▶ Extracted material
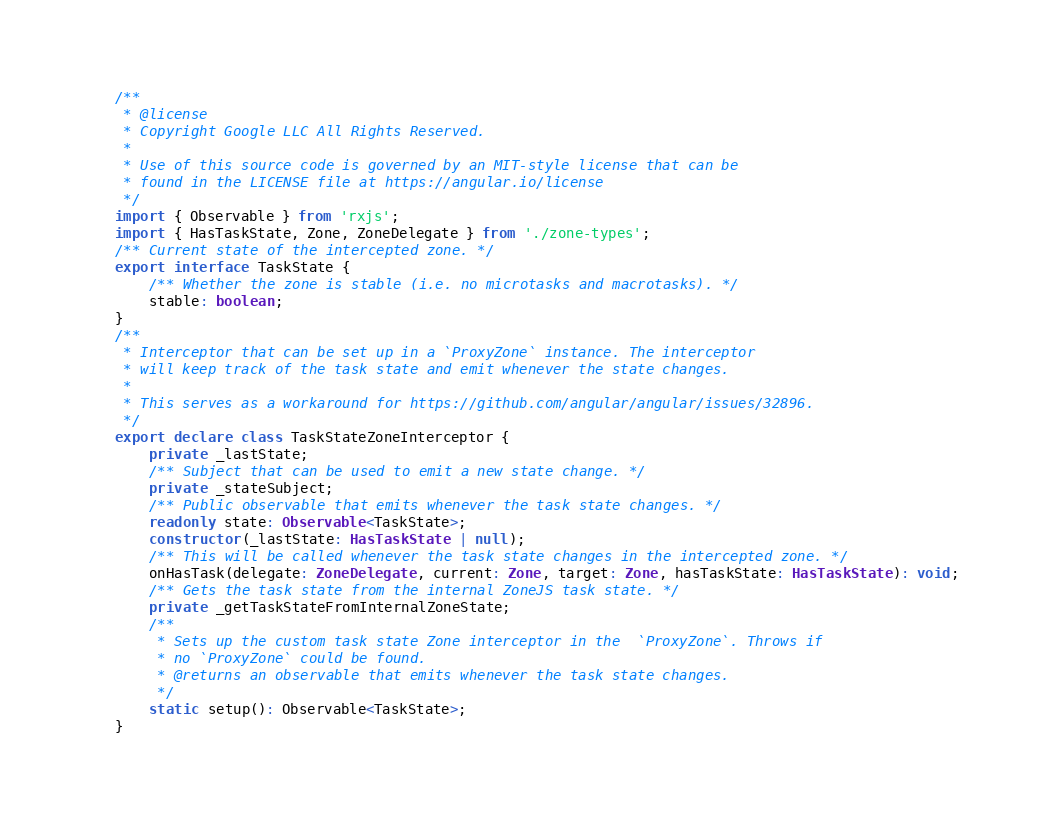Convert code to text. <code><loc_0><loc_0><loc_500><loc_500><_TypeScript_>/**
 * @license
 * Copyright Google LLC All Rights Reserved.
 *
 * Use of this source code is governed by an MIT-style license that can be
 * found in the LICENSE file at https://angular.io/license
 */
import { Observable } from 'rxjs';
import { HasTaskState, Zone, ZoneDelegate } from './zone-types';
/** Current state of the intercepted zone. */
export interface TaskState {
    /** Whether the zone is stable (i.e. no microtasks and macrotasks). */
    stable: boolean;
}
/**
 * Interceptor that can be set up in a `ProxyZone` instance. The interceptor
 * will keep track of the task state and emit whenever the state changes.
 *
 * This serves as a workaround for https://github.com/angular/angular/issues/32896.
 */
export declare class TaskStateZoneInterceptor {
    private _lastState;
    /** Subject that can be used to emit a new state change. */
    private _stateSubject;
    /** Public observable that emits whenever the task state changes. */
    readonly state: Observable<TaskState>;
    constructor(_lastState: HasTaskState | null);
    /** This will be called whenever the task state changes in the intercepted zone. */
    onHasTask(delegate: ZoneDelegate, current: Zone, target: Zone, hasTaskState: HasTaskState): void;
    /** Gets the task state from the internal ZoneJS task state. */
    private _getTaskStateFromInternalZoneState;
    /**
     * Sets up the custom task state Zone interceptor in the  `ProxyZone`. Throws if
     * no `ProxyZone` could be found.
     * @returns an observable that emits whenever the task state changes.
     */
    static setup(): Observable<TaskState>;
}
</code>

▶ Description of the task
Please return the material above unchanged, with every picture removed.

▶ Output of the task
Convert code to text. <code><loc_0><loc_0><loc_500><loc_500><_TypeScript_>/**
 * @license
 * Copyright Google LLC All Rights Reserved.
 *
 * Use of this source code is governed by an MIT-style license that can be
 * found in the LICENSE file at https://angular.io/license
 */
import { Observable } from 'rxjs';
import { HasTaskState, Zone, ZoneDelegate } from './zone-types';
/** Current state of the intercepted zone. */
export interface TaskState {
    /** Whether the zone is stable (i.e. no microtasks and macrotasks). */
    stable: boolean;
}
/**
 * Interceptor that can be set up in a `ProxyZone` instance. The interceptor
 * will keep track of the task state and emit whenever the state changes.
 *
 * This serves as a workaround for https://github.com/angular/angular/issues/32896.
 */
export declare class TaskStateZoneInterceptor {
    private _lastState;
    /** Subject that can be used to emit a new state change. */
    private _stateSubject;
    /** Public observable that emits whenever the task state changes. */
    readonly state: Observable<TaskState>;
    constructor(_lastState: HasTaskState | null);
    /** This will be called whenever the task state changes in the intercepted zone. */
    onHasTask(delegate: ZoneDelegate, current: Zone, target: Zone, hasTaskState: HasTaskState): void;
    /** Gets the task state from the internal ZoneJS task state. */
    private _getTaskStateFromInternalZoneState;
    /**
     * Sets up the custom task state Zone interceptor in the  `ProxyZone`. Throws if
     * no `ProxyZone` could be found.
     * @returns an observable that emits whenever the task state changes.
     */
    static setup(): Observable<TaskState>;
}
</code>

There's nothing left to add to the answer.